Muss bei dem System - Befehl etwas besonders beachtet werden?

Das ganz soll einen PC im Netzwerk neu starten.


----------



## speedyggg (1. Februar 2006)

Hat den keiner eine Idee

Kann es an den Apache Einstellungen liegen ?

Thx im voraus

Speedyggg


----------



## Magus23 (12. Mai 2006)

Hallo zusammen.

Ich habe das gleiche Problem das speedyggg beschreibt. Hat da evtl. schon jemand Erfahrung?
Wenn ich z.B. den Befehl "dir" über system ausführe, bekomme ich als Ausgabe den Inhalt von meinem Rootverzeichnis angezeigt.
Jedoch kommt bei den von mir benötigten Befehlen (netsh  und sc) Zugriff verweigert. Ich habe dann probiert auf dem Server die Rechte für diese beiden Befehle so zu setzten dass ich als Besucher der PHP-Seite die Befehle ausführen kann, jedoch bleibt dann immer mein Browser hängen. Der Dienst (netsh oder sc) wird auf dem Server zwar gestartet, jedoch krieg ich einfach keine Ausgabe.

Wenn ich die Befehle in der cmd eingebe, funktionieren sie ohne Probleme...

Danke schon mal!


----------



## Magus23 (12. Mai 2006)

bin jetzt ein stück weiter.
Ich rufe jetzt meine Befehle über "call" auf.

call [Laufwerk:][Pfad] Dateiname [Parameter]​
Parameter bezeichnet hierbei bleibige Angaben in der Befehlszeile, die von dem aufgerufenen Batchprogramm benoetigt werden.

Einfach mal "call /?" in der cmd eingeben umd die Hilfe zu erhalten.
Jedenfalls werden meine Befehle (netsh und sc) jetzt richtig ausgeführt.


----------



## speedyggg (13. Mai 2006)

hi magnus 23


wie lautet deine Codezeile bespiel so etwa: system ('call shutdown -r -f -m \\hostname');

oder wie hast du das im PHP Script gelöst.

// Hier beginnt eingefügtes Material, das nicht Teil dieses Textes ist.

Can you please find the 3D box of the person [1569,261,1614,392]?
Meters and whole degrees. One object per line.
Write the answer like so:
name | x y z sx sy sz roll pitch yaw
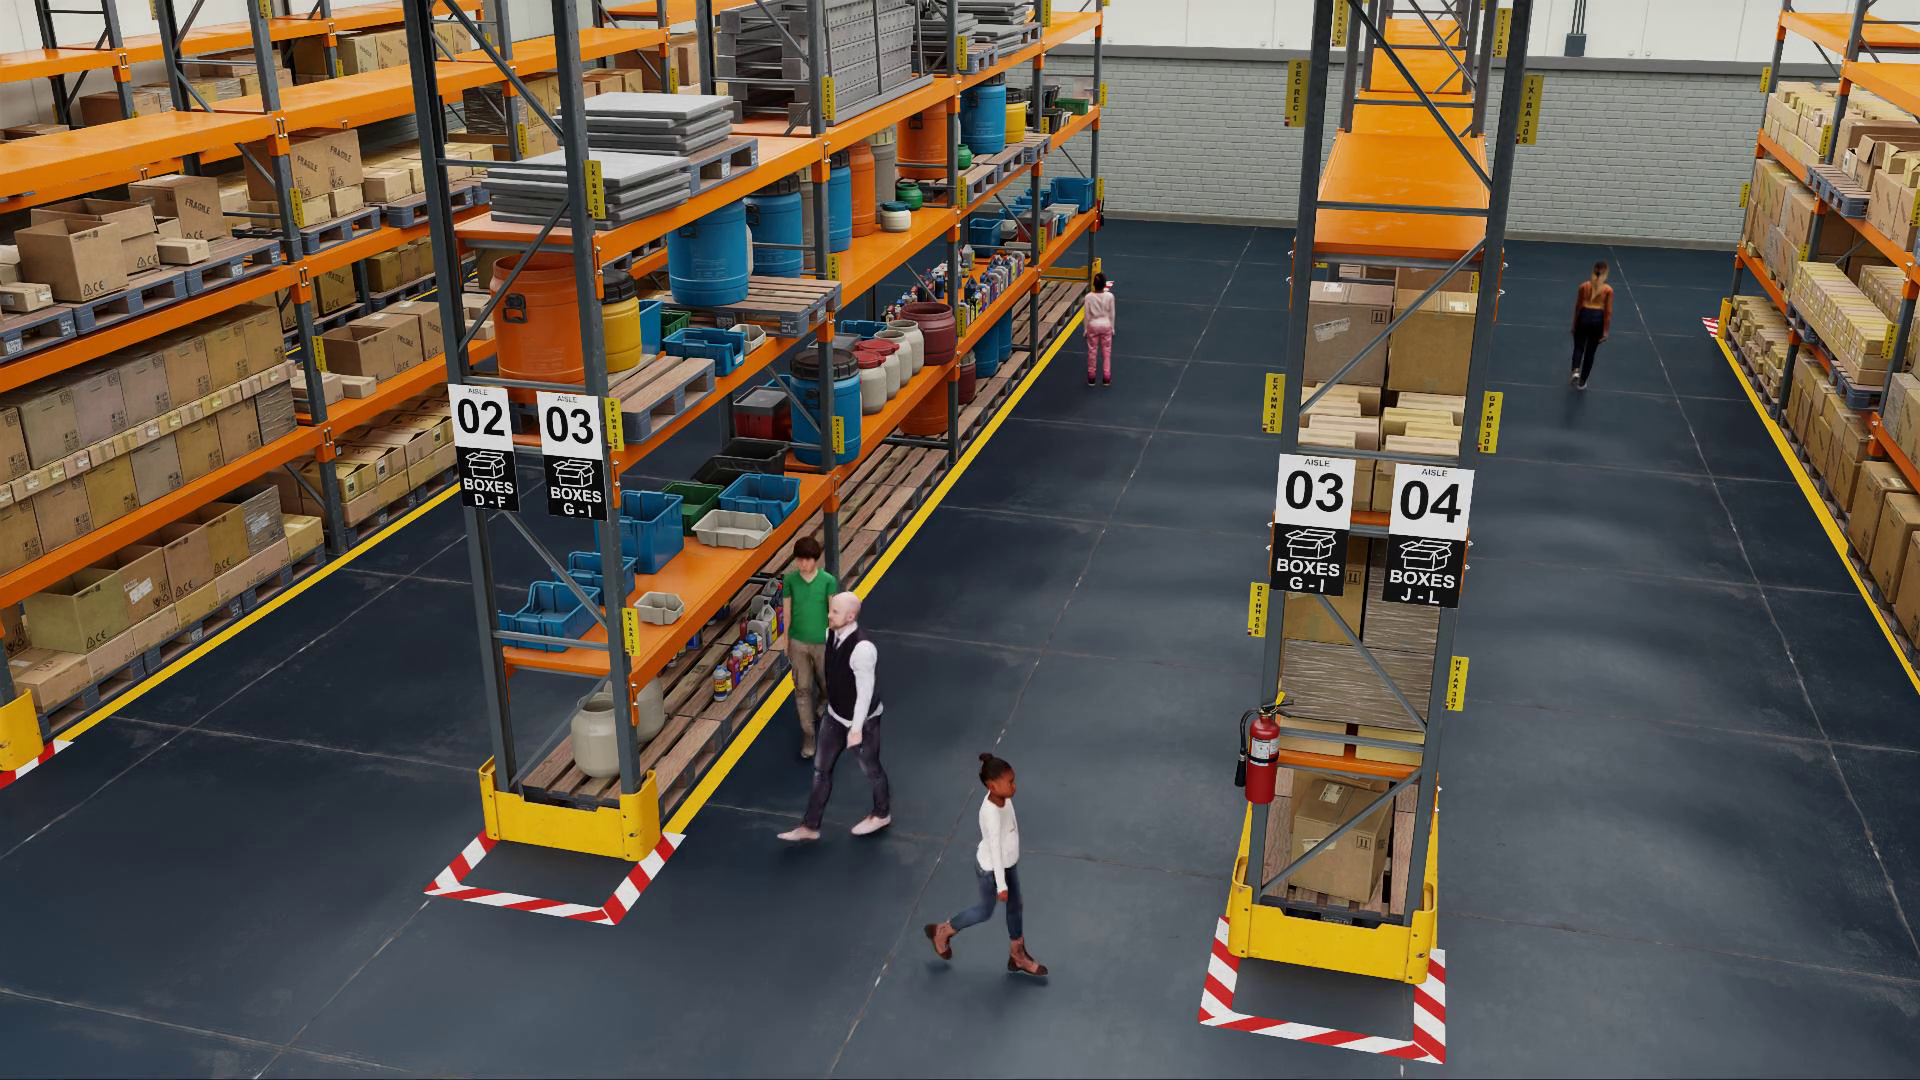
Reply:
person | 7.679 -2.579 20.305 0.687 1.615 0.828 11 25 24

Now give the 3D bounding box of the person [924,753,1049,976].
person | 0.141 1.889 9.621 0.608 1.434 0.909 7 23 16

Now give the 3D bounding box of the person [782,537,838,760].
person | -1.084 0.721 12.219 0.764 1.629 1.087 0 22 0

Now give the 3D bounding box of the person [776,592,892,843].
person | -0.627 1.158 10.931 1.180 1.795 1.090 -15 26 -32

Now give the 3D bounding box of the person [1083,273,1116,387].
person | 1.735 -2.633 20.668 0.586 1.441 0.558 1 22 3

Wenn das funktioniert kann man dir nur gratulieren.

Thx
Speedyggg


----------



## birnkammer (13. Mai 2006)

Ich denke mal das sieht nach SAFE_MODE aus, dann kanst du nur noch Befehlszeilenprogramme, die sich in einem bestimmten Ordner (kann mit der php.ini-Konfigurationseinstellung safe-mode-exec-dir geändert werden) befinden, ausführen:
http://de.php.net/manual/de/features.safe-mode.php


----------



## Magus23 (13. Mai 2006)

Hi.

Bei mir kam die Meldung "Zugriff verweigert" auch, weil der User, auf den man auf den dem Webserver connected hat, keine Rechte hatte z.B. den "netsh.exe-Befehl" auszuführen. Also alle Befehle die in der command.com waren, haben funktioniert. Ich habe dann eben dem "Internet-User" das Recht gegeben die netsh.exe auszuführen. Und dann hats funktioniert. Als ich allerdings den "call-Befehl" weggelassen hab, hatte ich immer das Problem, dass zwar der Dienst auf dem Server gestartet wurde, aber einfach stehen blieb und somit mein Browser auch.

Hier mal der Code soweit ich den jetzt grad auswendig weiß. Komm leider erst am Mittwoch wieder zum Arbeiten. Poste das dann da nochmal.

$dhcp = system('call c:\windows\system32\netsh.exe dhcp show server')

Sorry mehr weiß ich grad nicht mehr.
Hoff das hilft weiter...


----------



## Dimenson (13. Mai 2006)

Ich selber benutze auch xampp und habe folgendes probiert :

system ('shutdown -r -f -m 192.168.11.100');

und es hat funktioniert.


----------



## speedyggg (17. Mai 2006)

@dimension

Welche Version von Xampp nutzt du den ?

Wie ich weiter oben schon geschrieben habe hatte das bei mir auch mal funktioniert.

Wenn du die neuste nutzt würde mich mal der Teil mit Safe_Mode in der php.ini interessieren.

Speedyggg


----------